Monday, May 15, 2017
It was one Mother's Day gift that his nine siblings couldn't top.
A Brooklyn mom joyously watched Sunday as the last of her 10 children got married — at the Crossroads of the World, no less.
"Even if I had all the money in the world, the best gift I could give my mother would be to get married," 23-year-old groom J.J. Hecht II admitted to The Post.
Hecht tied the knot with his bride, Hadassa Halperin, as 200 guests and untold tourists witnessed the traditional Hasidic ceremony complete with a Klezmer band, dancing and scores of children.
His mother, Baila Hecht, said she had been hoping her adventurous son would settle down for years and called the event a true "gift.
"You get more enthusiastic every [wedding] because you're more relaxed about it," the 62-year-old matriarch explained. "You don't worry about every detail, every flower. It doesn't matter so much anymore.

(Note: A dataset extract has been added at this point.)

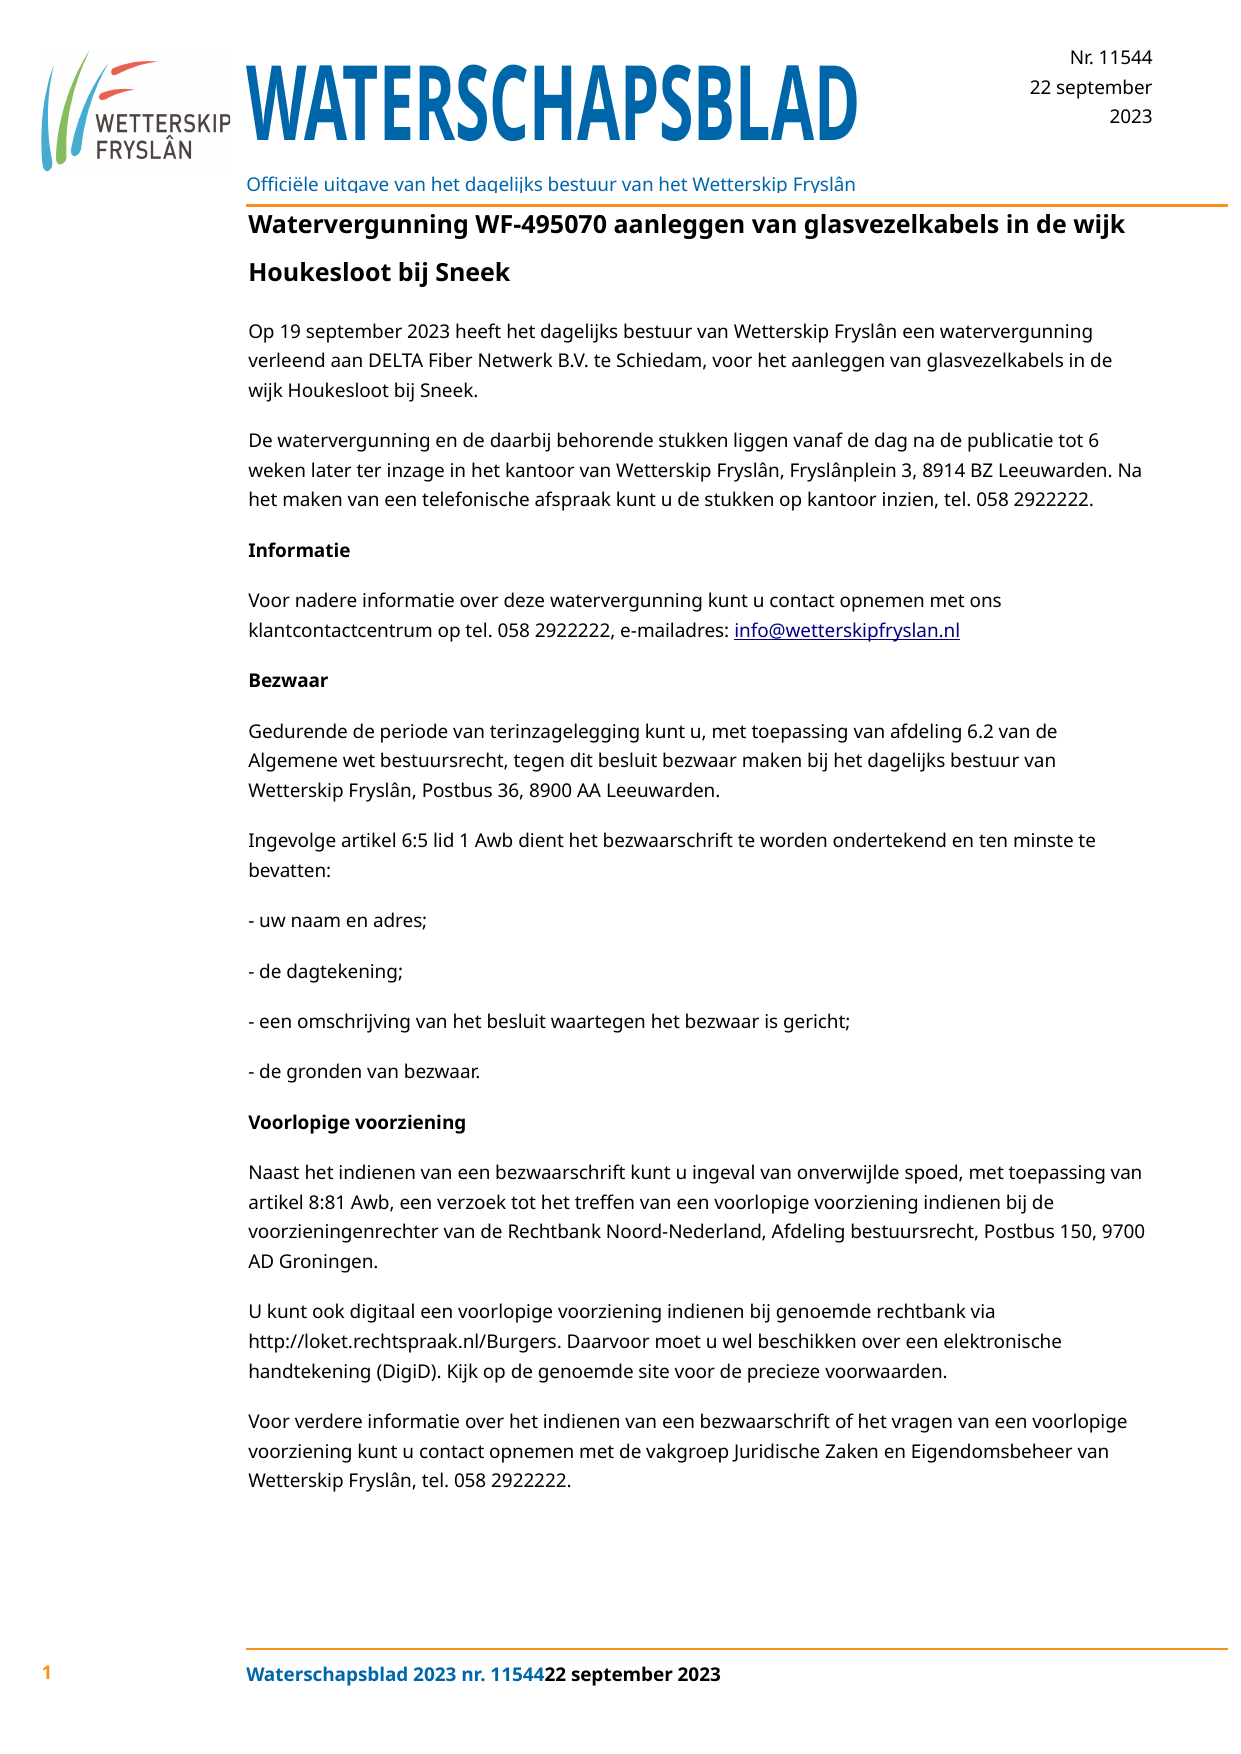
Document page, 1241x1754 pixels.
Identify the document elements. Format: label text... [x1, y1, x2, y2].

"It's just the thrill of seeing them grow up and move on to their own lives."
The jubilant mother inadvertently wrapped the gift herself, when she discussed her son's lack of a bride with a friend at the city's annual menorah lighting in Midtown in December.

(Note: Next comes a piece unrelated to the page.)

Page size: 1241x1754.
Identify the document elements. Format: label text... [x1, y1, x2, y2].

Baila's friend knew a matchmaker, who put the Crown Heights man and the Toronto woman in touch, lighting a different sort of flame.

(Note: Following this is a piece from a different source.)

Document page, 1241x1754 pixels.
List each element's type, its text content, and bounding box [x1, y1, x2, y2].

The couple's union marked the merging of two prominent Jewish families.
Halperin, 20, is a descendant of the late Lubavitcher Rebbe, Rabbi Menachem Mendel Schneerson. Hecht comes from one of the most well-known rabbinical families in the world.
"On Mother's Day, it's extra special,'' Halperin said. "Marriage is not only about being a wife but about becoming a mother."
Baila Hecht said Sunday's venue was an additional "thrill'' because it had long been "a dream" of her husband, the prominent Rabbi Shea Hecht, to have a ceremony in Times Square. Shea Hecht officiated the marriage.